DATA Start Marker
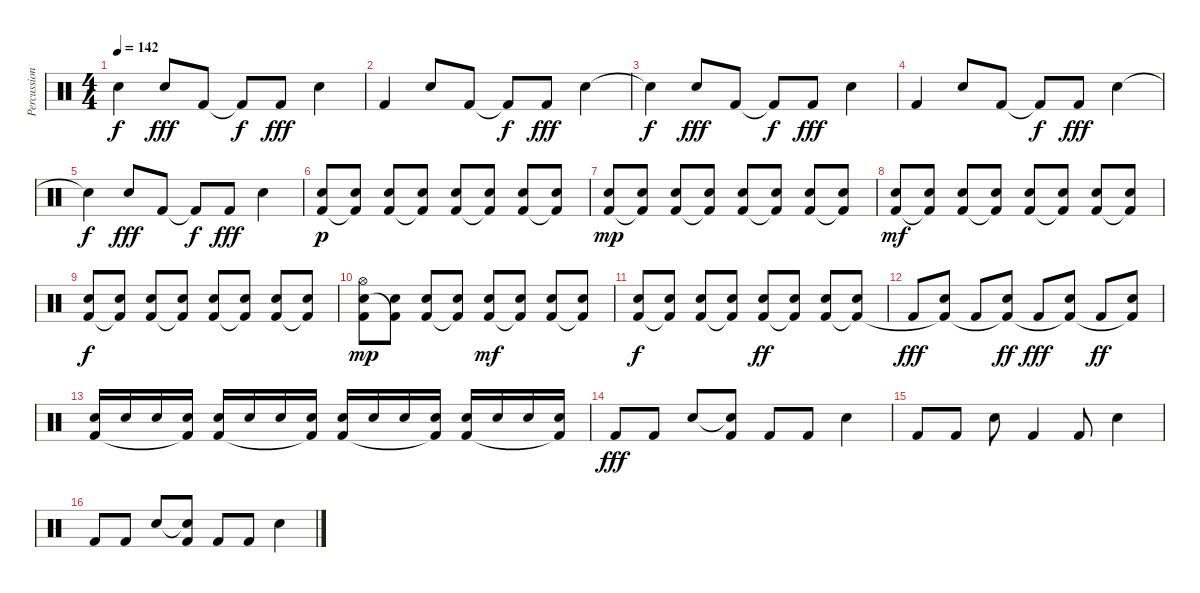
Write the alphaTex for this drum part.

\track ("Percussion" "Percussion") {instrument percussion}
\staff {score}
\articulation defaults
\ts (4 4)
\tempo 142
\clef neutral
\ks c "Snare (hit) 2"{t}.4{dy f} "Snare (hit) 2".8{dy fff} "Kick (hit) 2".8 "Kick (hit) 2"{t}.8{dy f} "Kick (hit) 2".8{dy fff} "Snare (hit) 2".4
|
"Kick (hit) 2".4 "Snare (hit) 2".8 "Kick (hit) 2".8 "Kick (hit) 2"{t}.8{dy f} "Kick (hit) 2".8{dy fff} "Snare (hit) 2".4 |
"Snare (hit) 2"{t}.4{dy f} "Snare (hit) 2".8{dy fff} "Kick (hit) 2".8 "Kick (hit) 2"{t}.8{dy f} "Kick (hit) 2".8{dy fff} "Snare (hit) 2".4 |
"Kick (hit) 2".4 "Snare (hit) 2".8 "Kick (hit) 2".8 "Kick (hit) 2"{t}.8{dy f} "Kick (hit) 2".8{dy fff} "Snare (hit) 2".4 |
"Snare (hit) 2"{t}.4{dy f} "Snare (hit) 2".8{dy fff} "Kick (hit) 2".8 "Kick (hit) 2"{t}.8{dy f} "Kick (hit) 2".8{dy fff} "Snare (hit) 2".4 |
("Snare (hit) 2" "Kick (hit) 2").8{dy p} ("Snare (hit) 2" "Kick (hit) 2"{t}).8 ("Snare (hit) 2" "Kick (hit) 2").8 ("Snare (hit) 2" "Kick (hit) 2"{t}).8 ("Snare (hit) 2" "Kick (hit) 2").8 ("Snare (hit) 2" "Kick (hit) 2"{t}).8 ("Snare (hit) 2" "Kick (hit) 2").8 ("Snare (hit) 2" "Kick (hit) 2"{t}).8 |
("Snare (hit) 2" "Kick (hit) 2").8{dy mp} ("Snare (hit) 2" "Kick (hit) 2"{t}).8 ("Snare (hit) 2" "Kick (hit) 2").8 ("Snare (hit) 2" "Kick (hit) 2"{t}).8 ("Snare (hit) 2" "Kick (hit) 2").8 ("Snare (hit) 2" "Kick (hit) 2"{t}).8 ("Snare (hit) 2" "Kick (hit) 2").8 ("Snare (hit) 2" "Kick (hit) 2"{t}).8 |
("Snare (hit) 2" "Kick (hit) 2").8{dy mf} ("Snare (hit) 2" "Kick (hit) 2"{t}).8 ("Snare (hit) 2" "Kick (hit) 2").8 ("Snare (hit) 2" "Kick (hit) 2"{t}).8 ("Snare (hit) 2" "Kick (hit) 2").8 ("Snare (hit) 2" "Kick (hit) 2"{t}).8 ("Snare (hit) 2" "Kick (hit) 2").8 ("Snare (hit) 2" "Kick (hit) 2"{t}).8 |
("Snare (hit) 2" "Kick (hit) 2").8{dy f} ("Snare (hit) 2" "Kick (hit) 2"{t}).8 ("Snare (hit) 2" "Kick (hit) 2").8 ("Snare (hit) 2" "Kick (hit) 2"{t}).8 ("Snare (hit) 2" "Kick (hit) 2").8 ("Snare (hit) 2" "Kick (hit) 2"{t}).8 ("Snare (hit) 2" "Kick (hit) 2").8 ("Snare (hit) 2" "Kick (hit) 2"{t}).8 |
("Hi-Hat (open)" "Snare (hit) 2" "Kick (hit) 2").8{dy mp} ("Snare (hit) 2" "Kick (hit) 2"{t}).8 ("Snare (hit) 2" "Kick (hit) 2").8 ("Snare (hit) 2" "Kick (hit) 2"{t}).8 ("Snare (hit) 2" "Kick (hit) 2").8{dy mf} ("Snare (hit) 2" "Kick (hit) 2"{t}).8 ("Snare (hit) 2" "Kick (hit) 2").8 ("Snare (hit) 2" "Kick (hit) 2"{t}).8 |
("Snare (hit) 2" "Kick (hit) 2").8{dy f} ("Snare (hit) 2" "Kick (hit) 2"{t}).8 ("Snare (hit) 2" "Kick (hit) 2").8 ("Snare (hit) 2" "Kick (hit) 2"{t}).8 ("Snare (hit) 2" "Kick (hit) 2").8{dy ff} ("Snare (hit) 2" "Kick (hit) 2"{t}).8 ("Snare (hit) 2" "Kick (hit) 2").8 ("Snare (hit) 2" "Kick (hit) 2"{t}).8 |
"Kick (hit) 2".8{dy fff} ("Snare (hit) 2" "Kick (hit) 2"{t}).8 "Kick (hit) 2".8 ("Snare (hit) 2" "Kick (hit) 2"{t}).8{dy ff} "Kick (hit) 2".8{dy fff} ("Snare (hit) 2" "Kick (hit) 2"{t}).8 "Kick (hit) 2".8{dy ff} ("Snare (hit) 2" "Kick (hit) 2"{t}).8 |
("Snare (hit) 2" "Kick (hit) 2").16 "Snare (hit) 2".16 "Snare (hit) 2".16 ("Snare (hit) 2" "Kick (hit) 2"{t}).16 ("Snare (hit) 2" "Kick (hit) 2").16 "Snare (hit) 2".16 "Snare (hit) 2".16 ("Snare (hit) 2" "Kick (hit) 2"{t}).16 ("Snare (hit) 2" "Kick (hit) 2").16 "Snare (hit) 2".16 "Snare (hit) 2".16 ("Snare (hit) 2" "Kick (hit) 2"{t}).16 ("Snare (hit) 2" "Kick (hit) 2").16 "Snare (hit) 2".16 "Snare (hit) 2".16 ("Snare (hit) 2" "Kick (hit) 2"{t}).16 |
"Kick (hit) 2".8{dy fff} "Kick (hit) 2".8 "Snare (hit) 2".8 ("Snare (hit) 2"{t} "Kick (hit) 2").8 "Kick (hit) 2".8 "Kick (hit) 2".8 "Snare (hit) 2".4 |
"Kick (hit) 2".8 "Kick (hit) 2".8 "Snare (hit) 2".8 "Kick (hit) 2".4 "Kick (hit) 2".8 "Snare (hit) 2".4 |
"Kick (hit) 2".8 "Kick (hit) 2".8 "Snare (hit) 2".8 ("Snare (hit) 2"{t} "Kick (hit) 2").8 "Kick (hit) 2".8 "Kick (hit) 2".8 "Snare (hit) 2".4
DATA End Marker
» **TASK DESCRIPTION**:
Every line above goes into your copy exactly; no images go in.

» **OUTPUT**:
Write the alphaTex for this drum part.

\track ("Percussion" "Percussion") {instrument percussion}
\staff {score}
\articulation defaults
\ts (4 4)
\tempo 142
\clef neutral
\ks c "Snare (hit) 2"{t}.4{dy f} "Snare (hit) 2".8{dy fff} "Kick (hit) 2".8 "Kick (hit) 2"{t}.8{dy f} "Kick (hit) 2".8{dy fff} "Snare (hit) 2".4
|
"Kick (hit) 2".4 "Snare (hit) 2".8 "Kick (hit) 2".8 "Kick (hit) 2"{t}.8{dy f} "Kick (hit) 2".8{dy fff} "Snare (hit) 2".4 |
"Snare (hit) 2"{t}.4{dy f} "Snare (hit) 2".8{dy fff} "Kick (hit) 2".8 "Kick (hit) 2"{t}.8{dy f} "Kick (hit) 2".8{dy fff} "Snare (hit) 2".4 |
"Kick (hit) 2".4 "Snare (hit) 2".8 "Kick (hit) 2".8 "Kick (hit) 2"{t}.8{dy f} "Kick (hit) 2".8{dy fff} "Snare (hit) 2".4 |
"Snare (hit) 2"{t}.4{dy f} "Snare (hit) 2".8{dy fff} "Kick (hit) 2".8 "Kick (hit) 2"{t}.8{dy f} "Kick (hit) 2".8{dy fff} "Snare (hit) 2".4 |
("Snare (hit) 2" "Kick (hit) 2").8{dy p} ("Snare (hit) 2" "Kick (hit) 2"{t}).8 ("Snare (hit) 2" "Kick (hit) 2").8 ("Snare (hit) 2" "Kick (hit) 2"{t}).8 ("Snare (hit) 2" "Kick (hit) 2").8 ("Snare (hit) 2" "Kick (hit) 2"{t}).8 ("Snare (hit) 2" "Kick (hit) 2").8 ("Snare (hit) 2" "Kick (hit) 2"{t}).8 |
("Snare (hit) 2" "Kick (hit) 2").8{dy mp} ("Snare (hit) 2" "Kick (hit) 2"{t}).8 ("Snare (hit) 2" "Kick (hit) 2").8 ("Snare (hit) 2" "Kick (hit) 2"{t}).8 ("Snare (hit) 2" "Kick (hit) 2").8 ("Snare (hit) 2" "Kick (hit) 2"{t}).8 ("Snare (hit) 2" "Kick (hit) 2").8 ("Snare (hit) 2" "Kick (hit) 2"{t}).8 |
("Snare (hit) 2" "Kick (hit) 2").8{dy mf} ("Snare (hit) 2" "Kick (hit) 2"{t}).8 ("Snare (hit) 2" "Kick (hit) 2").8 ("Snare (hit) 2" "Kick (hit) 2"{t}).8 ("Snare (hit) 2" "Kick (hit) 2").8 ("Snare (hit) 2" "Kick (hit) 2"{t}).8 ("Snare (hit) 2" "Kick (hit) 2").8 ("Snare (hit) 2" "Kick (hit) 2"{t}).8 |
("Snare (hit) 2" "Kick (hit) 2").8{dy f} ("Snare (hit) 2" "Kick (hit) 2"{t}).8 ("Snare (hit) 2" "Kick (hit) 2").8 ("Snare (hit) 2" "Kick (hit) 2"{t}).8 ("Snare (hit) 2" "Kick (hit) 2").8 ("Snare (hit) 2" "Kick (hit) 2"{t}).8 ("Snare (hit) 2" "Kick (hit) 2").8 ("Snare (hit) 2" "Kick (hit) 2"{t}).8 |
("Hi-Hat (open)" "Snare (hit) 2" "Kick (hit) 2").8{dy mp} ("Snare (hit) 2" "Kick (hit) 2"{t}).8 ("Snare (hit) 2" "Kick (hit) 2").8 ("Snare (hit) 2" "Kick (hit) 2"{t}).8 ("Snare (hit) 2" "Kick (hit) 2").8{dy mf} ("Snare (hit) 2" "Kick (hit) 2"{t}).8 ("Snare (hit) 2" "Kick (hit) 2").8 ("Snare (hit) 2" "Kick (hit) 2"{t}).8 |
("Snare (hit) 2" "Kick (hit) 2").8{dy f} ("Snare (hit) 2" "Kick (hit) 2"{t}).8 ("Snare (hit) 2" "Kick (hit) 2").8 ("Snare (hit) 2" "Kick (hit) 2"{t}).8 ("Snare (hit) 2" "Kick (hit) 2").8{dy ff} ("Snare (hit) 2" "Kick (hit) 2"{t}).8 ("Snare (hit) 2" "Kick (hit) 2").8 ("Snare (hit) 2" "Kick (hit) 2"{t}).8 |
"Kick (hit) 2".8{dy fff} ("Snare (hit) 2" "Kick (hit) 2"{t}).8 "Kick (hit) 2".8 ("Snare (hit) 2" "Kick (hit) 2"{t}).8{dy ff} "Kick (hit) 2".8{dy fff} ("Snare (hit) 2" "Kick (hit) 2"{t}).8 "Kick (hit) 2".8{dy ff} ("Snare (hit) 2" "Kick (hit) 2"{t}).8 |
("Snare (hit) 2" "Kick (hit) 2").16 "Snare (hit) 2".16 "Snare (hit) 2".16 ("Snare (hit) 2" "Kick (hit) 2"{t}).16 ("Snare (hit) 2" "Kick (hit) 2").16 "Snare (hit) 2".16 "Snare (hit) 2".16 ("Snare (hit) 2" "Kick (hit) 2"{t}).16 ("Snare (hit) 2" "Kick (hit) 2").16 "Snare (hit) 2".16 "Snare (hit) 2".16 ("Snare (hit) 2" "Kick (hit) 2"{t}).16 ("Snare (hit) 2" "Kick (hit) 2").16 "Snare (hit) 2".16 "Snare (hit) 2".16 ("Snare (hit) 2" "Kick (hit) 2"{t}).16 |
"Kick (hit) 2".8{dy fff} "Kick (hit) 2".8 "Snare (hit) 2".8 ("Snare (hit) 2"{t} "Kick (hit) 2").8 "Kick (hit) 2".8 "Kick (hit) 2".8 "Snare (hit) 2".4 |
"Kick (hit) 2".8 "Kick (hit) 2".8 "Snare (hit) 2".8 "Kick (hit) 2".4 "Kick (hit) 2".8 "Snare (hit) 2".4 |
"Kick (hit) 2".8 "Kick (hit) 2".8 "Snare (hit) 2".8 ("Snare (hit) 2"{t} "Kick (hit) 2").8 "Kick (hit) 2".8 "Kick (hit) 2".8 "Snare (hit) 2".4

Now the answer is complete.